= Amangul Berdieva =

Turkmenistani draughts player (born 1987)

Amangul Berdieva (née Durdyeva; born 1987) is an English draughts and international draughts player from Turkmenistan. She is twice women's world champion of English draughts (also known as checkers) in both 3-Move and GAYP (Go As You Please) versions.

Amangul Berdieva won the first women's GAYP World Qualifier tournament in 2005 in Prague, ahead of New Zealander Jan Mortimer. The former was awarded the Women's World GAYP Champion title in 2006 after the latter withdrew from the world title match.

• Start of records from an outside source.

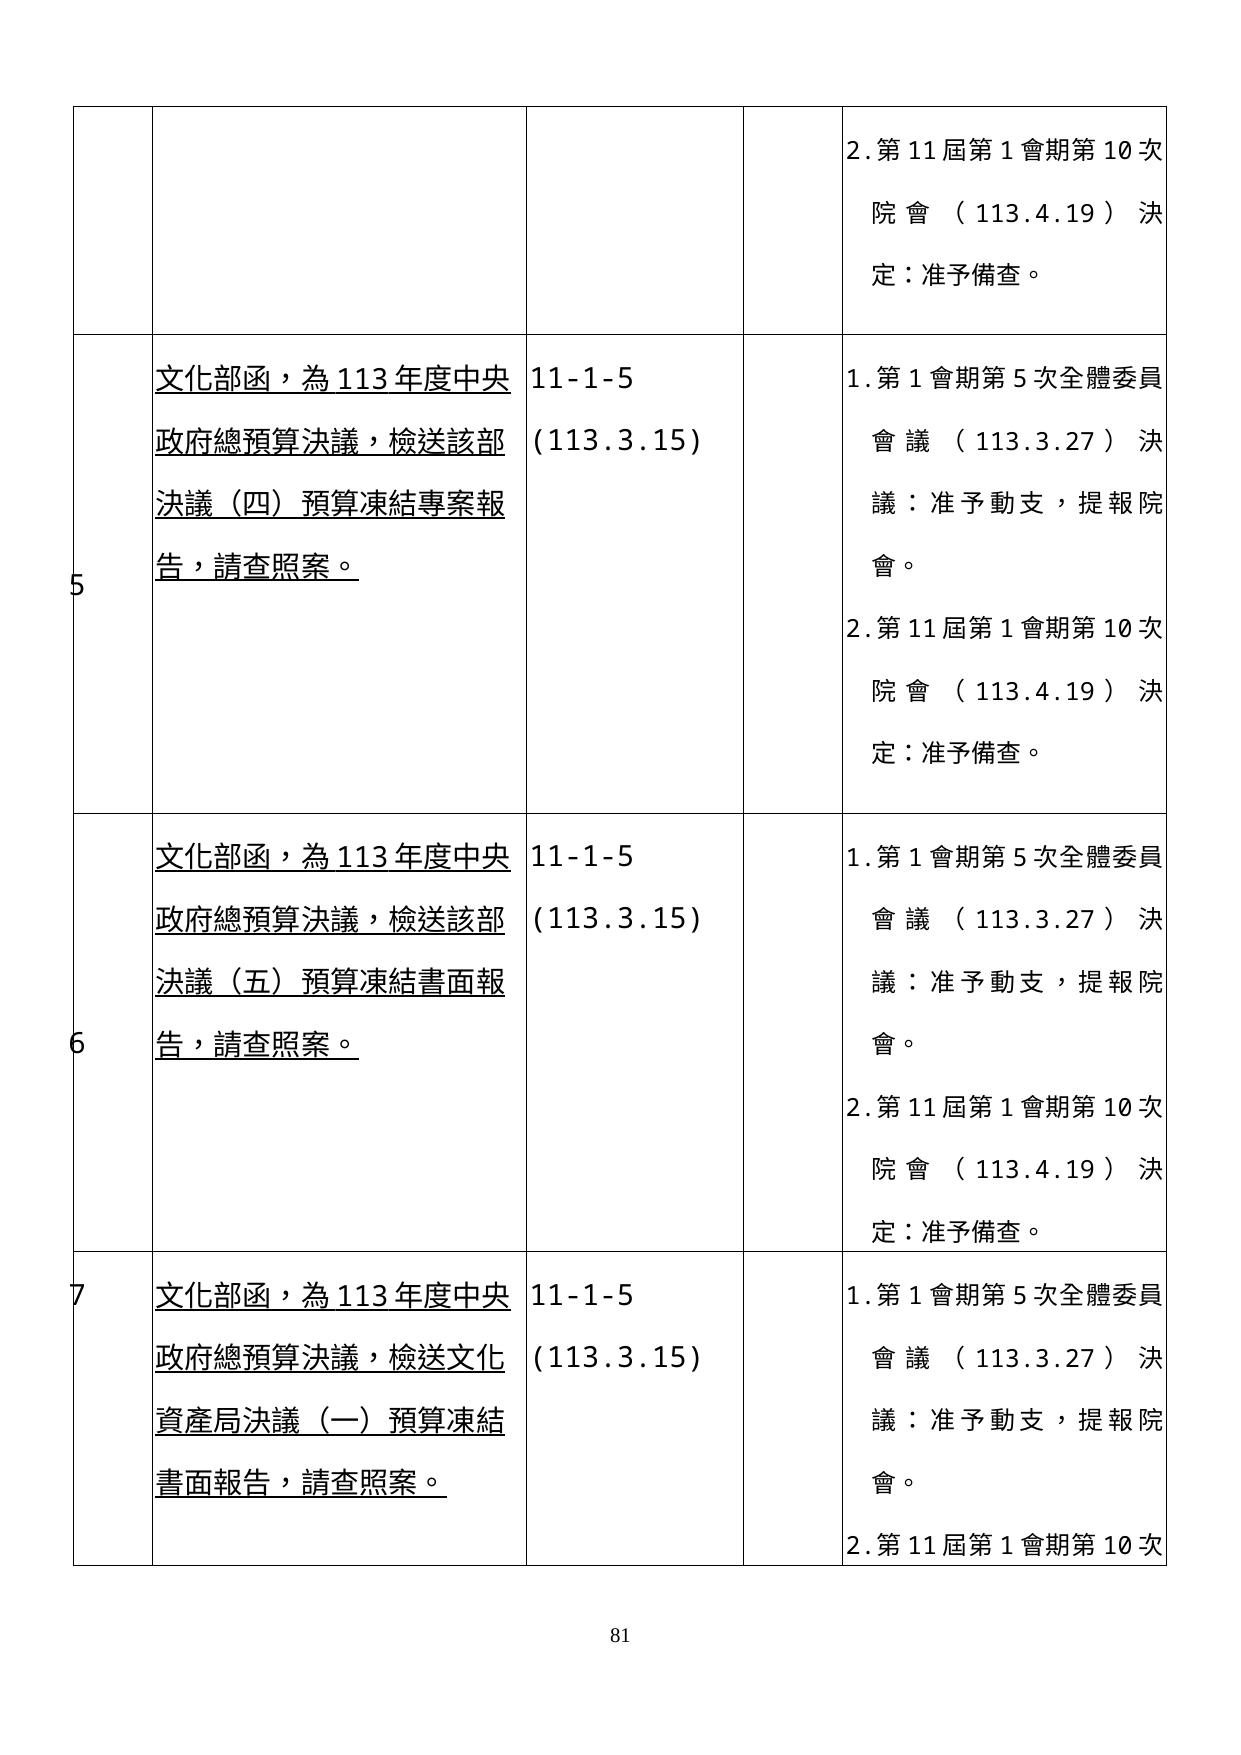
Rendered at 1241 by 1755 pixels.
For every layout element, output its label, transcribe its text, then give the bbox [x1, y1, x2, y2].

table_cell [74, 1287, 81, 1302]
table_cell [744, 1252, 842, 1564]
table_cell [74, 1042, 81, 1051]
table_cell [74, 335, 152, 812]
table_cell [527, 107, 743, 334]
table_cell [74, 107, 152, 334]
table_cell [74, 814, 152, 1251]
table_cell [74, 1252, 152, 1564]
table_cell [153, 107, 526, 334]
table_cell 2.第11屆第1會期第10次院會（113.4.19）決定：准予備查。 [843, 107, 1166, 334]
table_cell 1.第1會期第5次全體委員會議（113.3.27）決議：准予動支，提報院會。 2.第11屆第1會期第10次院會（113.4.19）決定：准予備查。 [843, 335, 1166, 812]
table_cell [744, 335, 842, 812]
table_cell 文化部函，為113年度中央政府總預算決議，檢送該部決議（五）預算凍結書面報告，請查照案。 [153, 814, 526, 1251]
table_cell 11-1-5 (113.3.15) [527, 1252, 743, 1564]
table_cell [74, 584, 80, 593]
table_cell 11-1-5 (113.3.15) [527, 335, 743, 812]
table_cell 11-1-5 (113.3.15) [527, 814, 743, 1251]
table_cell 1.第1會期第5次全體委員會議（113.3.27）決議：准予動支，提報院會。 2.第11屆第1會期第10次院會（113.4.19）決定：准予備查。 [843, 814, 1166, 1251]
table_cell 文化部函，為113年度中央政府總預算決議，檢送該部決議（四）預算凍結專案報告，請查照案。 [153, 335, 526, 812]
table_cell [744, 107, 842, 334]
table_cell 1.第1會期第5次全體委員會議（113.3.27）決議：准予動支，提報院會。 2.第11屆第1會期第10次 [843, 1252, 1166, 1564]
table_cell 文化部函，為113年度中央政府總預算決議，檢送文化資產局決議（一）預算凍結書面報告，請查照案。 [153, 1252, 526, 1564]
table_cell [744, 814, 842, 1251]

In 2007 she defeated Patricia Breen in Buncrana, Ireland to become the new women's world champion in the 3-Move checkers. Berdieva successfully defended her title in 2011 in Balkanabat, Turkmenistan against her compatriot Hurmagul Toyeva.

At the 2012 World Mind Sports Games Berdieva took 2nd place in English draughts, losing the gold to Ukrainian Nadiya Chyzhevska. Amangul Berdieva did not take part in the World GAYP Championships in 2013, thus forfeiting her world title, which went to Chyzhevska. In 2016, Berdieva regained her world title by coming first in the women's round-robin tournament in Rome.

Berdieva's brother and coach, Maksat Durdyev, was world junior champion in English draughts (3-Move version) from 2010 to 2016. All five of her siblings and her father play the game at a professional level.